We hope you look on these trips as an opportunity to not only take photos in various settings but to try out features on your cameras that we all have seen others use to advantage, but haven’t tried yet ourselves. Read over your camera’s instruction book and be sure to bring it with you. We will have several people with us who are willing to lend their expertise to help you figure out your instruction book and your camera, whether it be digital or film.

Here are some of the features that are found on many digital cameras today:

  • manual focus, manual exposure
  • reducing power of flash
  • the 3 metering techniques: overall / averaging, center-weighted, and spot.

Have you tried these out? It would be to your advantage to read over how to use these features on your camera.

Be sure your camera’s battery is fully charged and your smart cards have been downloaded and re-formatted so you have plenty of room for many shots. One of the exercises will be to set your camera on multiple exposure and take a series of shots at whatever speed your camera permits, such as 3 frames per second. This can use up storage space!
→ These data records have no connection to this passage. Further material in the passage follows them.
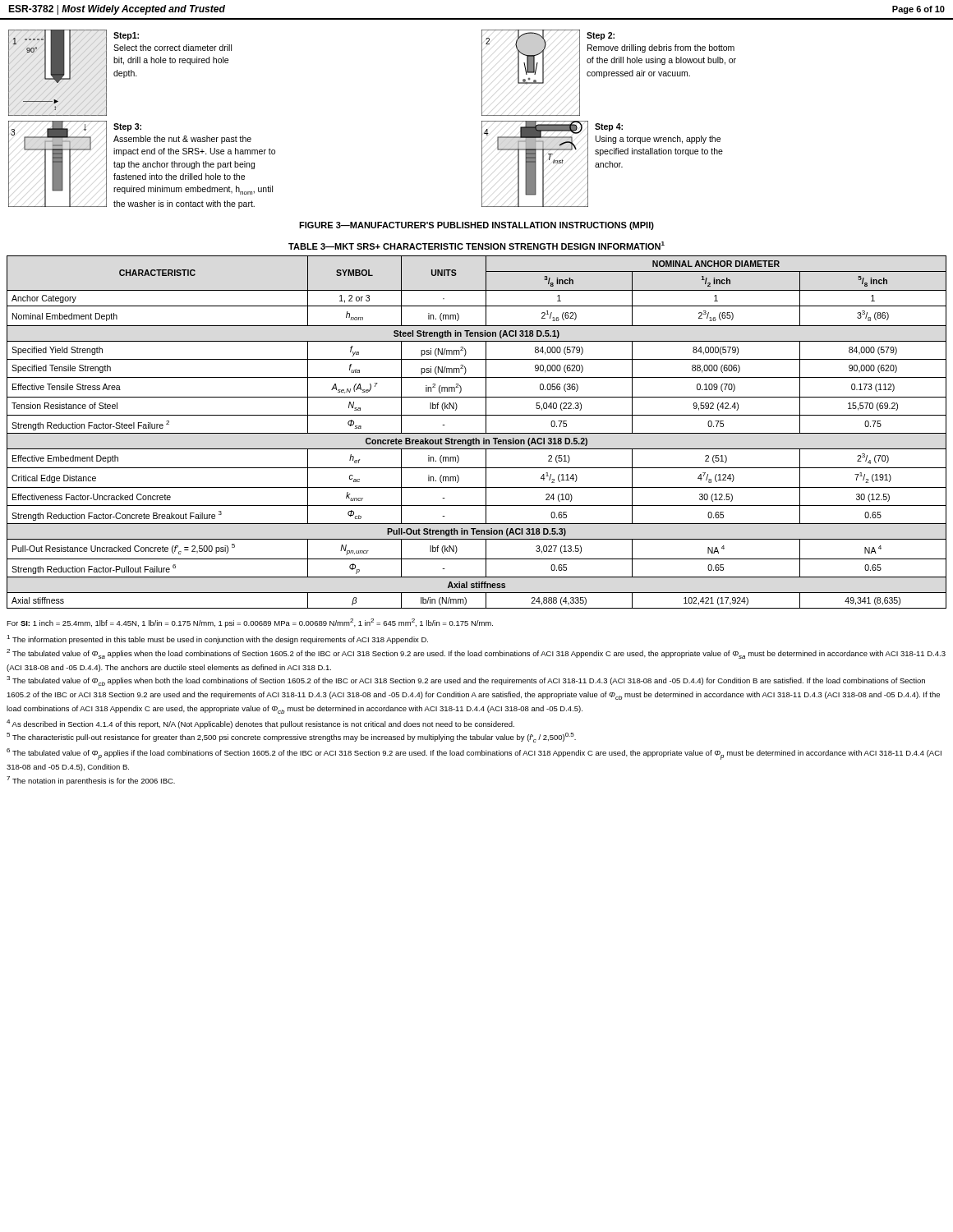This screenshot has width=953, height=1232.
Task: Where is the passage that starts "6 The tabulated value of Φp"?
Action: pos(474,759)
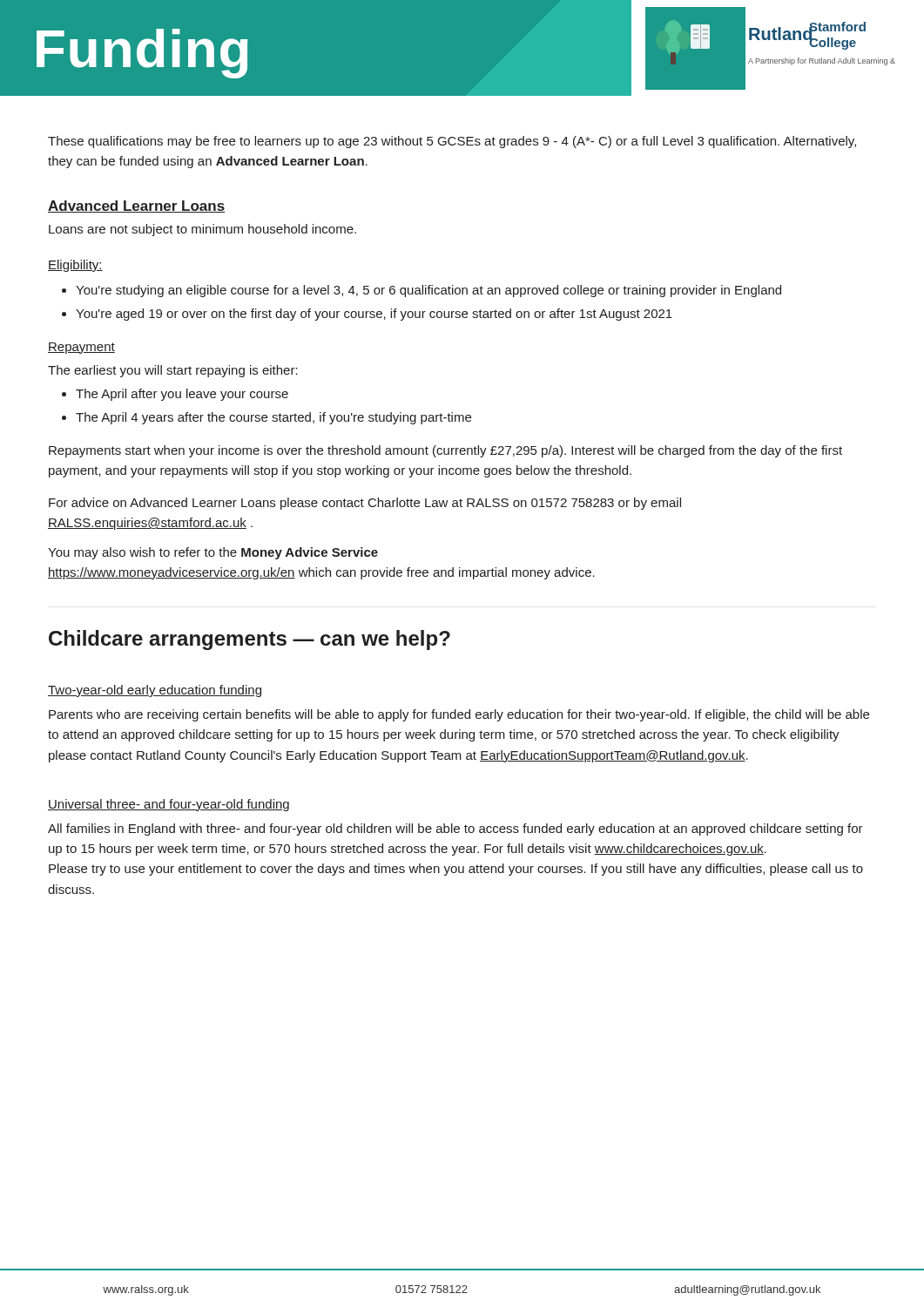Find the text block with the text "You may also wish to refer to"
Viewport: 924px width, 1307px height.
point(462,562)
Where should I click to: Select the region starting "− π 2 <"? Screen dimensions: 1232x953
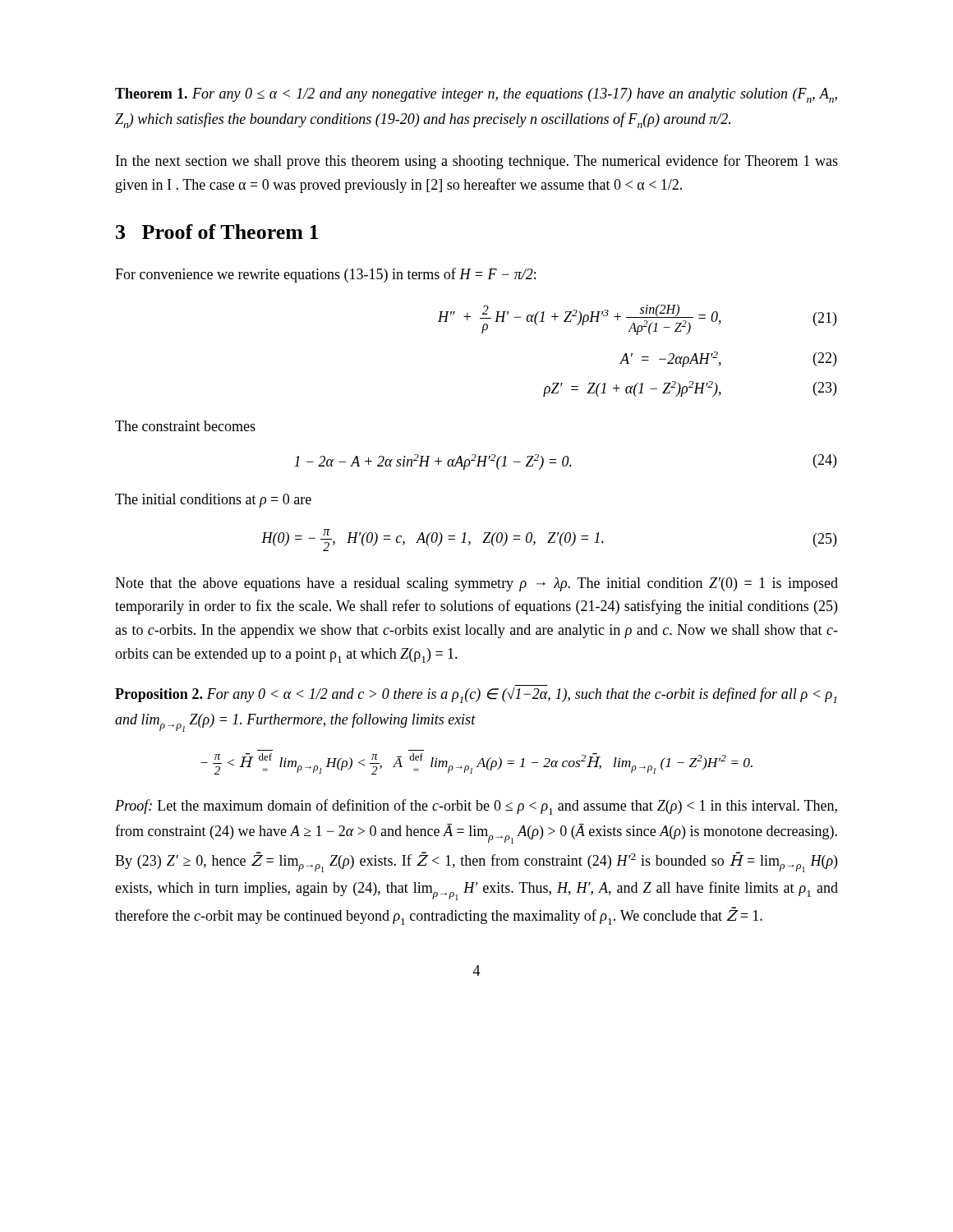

Various types of rests for the camera will be available for your use: bean bags, tripods, monopods. I generally bring along two tripods and two monopods plus a small table top tripod, reflectors, external flash, etc. We need you all to bring whatever equipment you feel would be useful. It might be helpful to have an opaque cloth to throw over your head and camera in order to see the monitor screen clearly when in really bright sunlight.

If you plan to use low shooting angles requiring you to kneel or lie down, you might bring along knee pads or a gardening kneeling pad, or a piece of an old shower curtain in case the ground is wet to sit, lie, or kneel on! Hats and water bottles and an insulated food bag may add to your comfort.